Recently Google sent me a few searchers who wanted to know how to “design my own billhead” or were interested in the “design of bill head.” With narcissistic delusions of my own grandeur I was flattered that someone should want their very own Bill’s Head (note, however, that Bill’s Head is the product of evolution, not of design).
It turns out, though, that a billhead is something altogether different:
The billhead is the predecessor to the more familiar letterhead. It’s simply a sheet of paper with a business name and address (and often a logo of some sort) on the top, and lines where the merchant or tradesman could write in the bill or account information. People collect them now, of course, because people collect everything, in a category called “ephemera.” The American Antiquarian Society has a large collection, but alas does not display many online.
Billhead made me think of hogshead, which is a large cask for containing liquids. Like a buttload, the exact capacity of a hogshead originally varied depending on the type of liquid being held, and on the locale. The quantity did not depend on the size of the local hogs, though: it’s unclear how the head of a hog came to be used this way, but the measurement is not related to the capacity of actual hog heads. The word originated in English and was later adopted in other Germanic languages, becoming “ox-head” in some of them.

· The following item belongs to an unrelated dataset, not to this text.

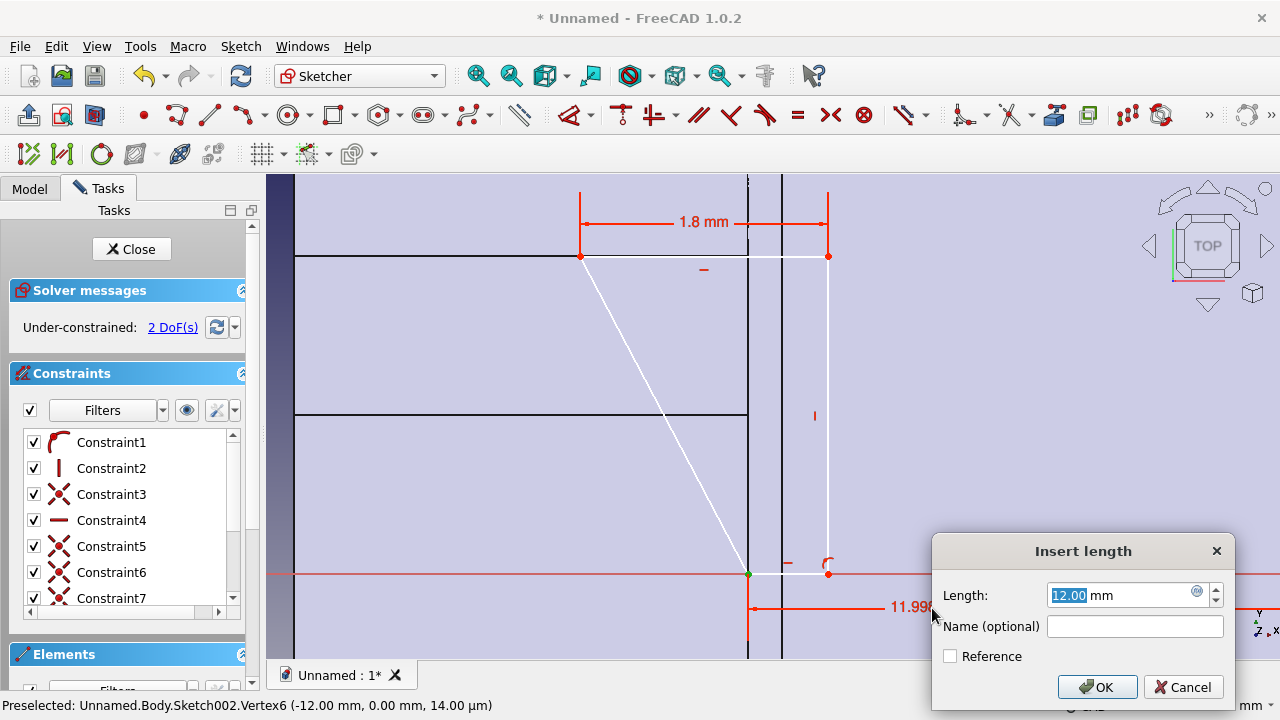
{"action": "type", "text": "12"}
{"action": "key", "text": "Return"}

The volume of a hogshead was standardized by statute in 1423, but the number still depended on what you were measuring. If you’re measuring wine, for example, it’s 63 gallons, and you need two hogsheads to make a buttload.

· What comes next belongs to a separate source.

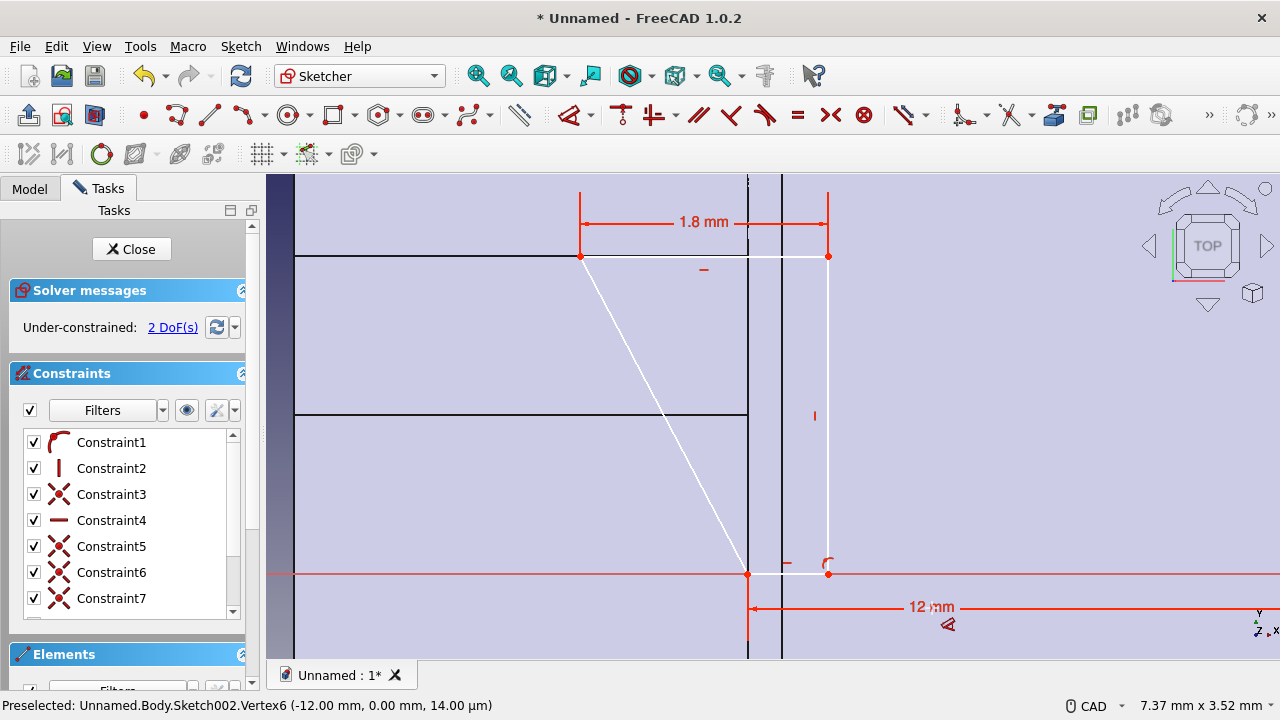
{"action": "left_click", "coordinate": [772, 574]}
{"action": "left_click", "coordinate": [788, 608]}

From here it did not take long for me to start thinking about defining my very own measure of volume, the “billshead.” To make it easier for future etymologists, I decided that the billshead should have a more straightforward relationship to its namesake than the hogshead does. Ideally it should be the volume of liquid that Bill’s Head could hold if you scooped out everything else that’s in there, but this was going to be infeasibly fatal to measure. So I settled for “the volume of Bill’s Head” (contents intact; i.e., the outer volume), which is much easier to calculate.
To make the calculation I filled a bucket with water, all the way to the brim. I wrote a little note to explain what I was doing (for whoever found my body, in case it all went horribly wrong) and stuck my head in the bucket, completely ignoring the warning sticker on the bucket that tells you not to do this. This all turns out to be a little tricky to do on your own, because it’s hard to tell if you’ve got your head in there far enough to get an accurate measurement of your head, without getting too much of the neck. But I think I came close enough. (For those of you obsessively concerned with methodology and accuracy, I’ll note that I don’t have enough hair to absorb much water, but I did hold my head over the bucket after I pulled it out of the water and tried to return all the water that had accumulated on my head and in my ears and nose. Tip if you’re going to try this at home: use nose plugs.)
Once my head was out of the bucket, I measured how far the water level was now below the rim of the bucket, and from that calculated the volume of water that my head had displaced: 5.498 liters, which we’ll round to a more convenient 5.5 liters.
So: a billshead is now officially defined as 5.5 liters.
That’s 5.5 liters of anything you want, mind you: we won’t be using a different definition for each commodity, as is the case with a hogshead.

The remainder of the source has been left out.